Bashar was geen natuurlijke keuze voor het presidentschap. Hij sliste, wilde graag dat mensen hem aardig vinden en kon slecht nee zeggen. Een beroemde anekdote vertelt hoe hij als zestienjarige een jetski kreeg, op dat moment een unicum in Syrië. Toen zijn vriendjes hem vroegen of ze zijn nieuwe cadeau mochten lenen, zei hij: ‘Natuurlijk!’ Vervolgens instrueerde hij zijn veiligheidsbeambten om, als zijn vrienden kwamen vragen om de jetski te lenen, te zeggen dat die kapot was. Dit om te voorkomen dat hij ze ‘nee’ moest verkopen.

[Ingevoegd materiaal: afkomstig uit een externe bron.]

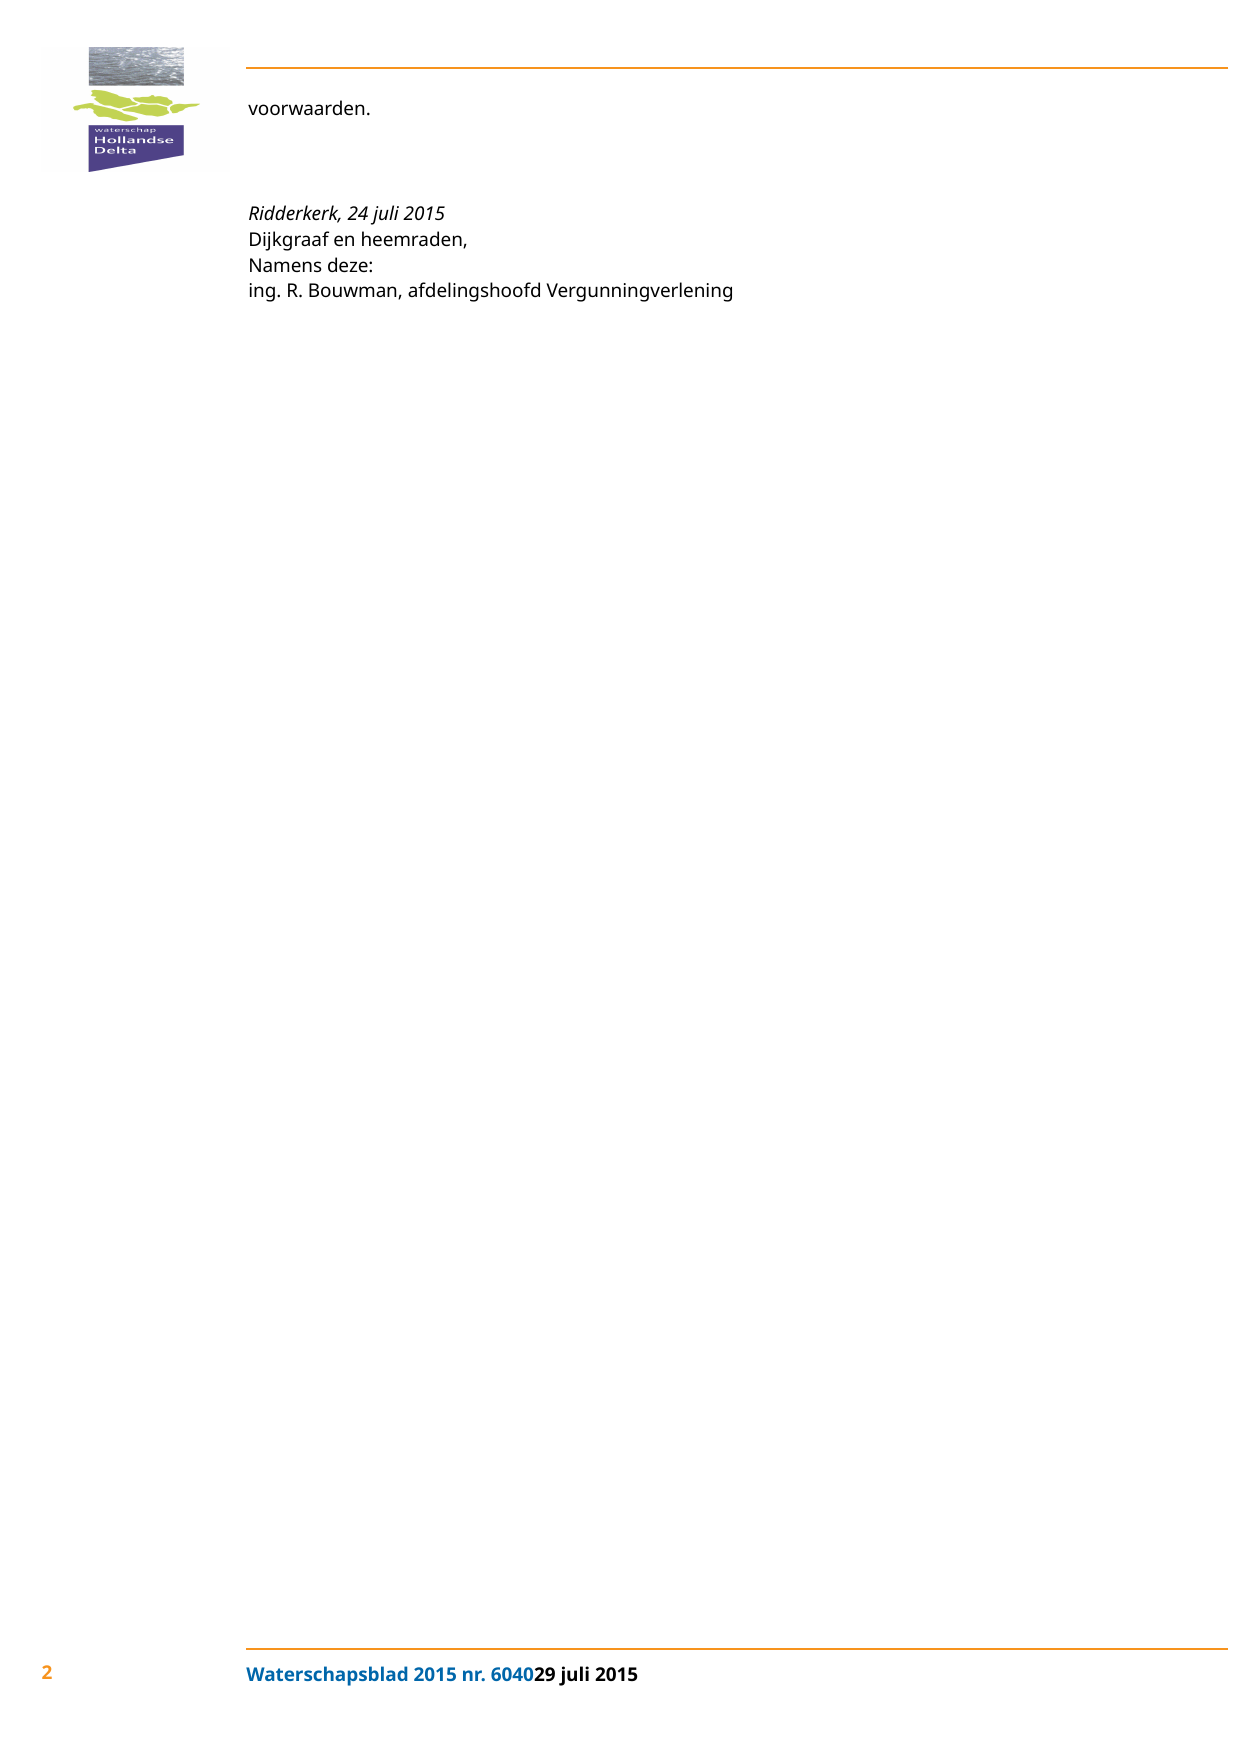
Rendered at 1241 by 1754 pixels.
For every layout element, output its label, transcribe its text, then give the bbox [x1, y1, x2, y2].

text voorwaarden. [248, 95, 1152, 121]
text Dijkgraaf en heemraden, [248, 226, 1152, 252]
text ing. R. Bouwman, afdelingshoofd Vergunningverlening [248, 278, 1152, 303]
text Namens deze: [248, 252, 1152, 278]
picture [41, 47, 231, 172]
text Ridderkerk, 24 juli 2015 [248, 201, 1152, 226]

Diplomaten zagen hem als zachtaardig. Hij hielp anderen als ze een baan zochten of een doorverwijzing nodig hadden voor een medische operatie. Maar Syriërs zagen hem als ongeschikt om president te worden, hij zou te zwak zijn.
In korte tijd werd Bashar klaargestoomd voor het leiderschap. Hij moest het leger in en voor het einde van 1994 verliet hij de militaire academie in Homs als tankbataljoncommandant. Minder dan twee maanden later werd hij majoor van de presidentiële garde. Hij klom op tot luitenant-kolonel in 1997 en werd twee jaar later benoemd tot kolonel. Militaire leiders die het niet goed konden vinden met Bashar werden zonder pardon aan de kant gezet. Er werd een nieuwe slogan in het leven geroepen om Syriërs te laten wennen aan de nieuwe opvolger:
‘Bassel, het voorbeeld; Bashar, de toekomst’.
In 2000 overleed Hafez al-Assad, die op dat moment drie decennia aan de macht was. Veel Syriërs hadden nooit een andere president gekend. Op de begrafenis van zijn vader ontmoette Bashar allerlei wereldleiders. De Amerikaanse minister van buitenlandse zaken Madeleine Albright zei na afloop tegen The New York Times dat de jonge dokter open stond voor het doorzetten van de onderhandelingen over vrede tussen Israël en Syrië die inmiddels aan de gang waren. Ze beschreef hem als ‘zeer evenwichtig’ en ‘iemand die klaar is om zijn taken op zich te nemen’. Bashar was destijds slechts 34 jaar oud, terwijl de grondwet stelde dat de president minimaal 40 diende te zijn. En dus werd de grondwet aangepast. Op de dag dat hij ingezworen werd riepen fans:
‘We geven ons bloed en onze ziel voor jou, Bashar!’
Het is een kreet die vele jaren later, als ik in 2018 naar Damascus verhuis, nog steeds regelmatig gebruikt wordt. Bashar is dan allang door de wol geverfd. Maar in 2000 leek het alsof Syrië, met een jonge leider aan het roer, klaar was voor een nieuw, liberaler tijdperk.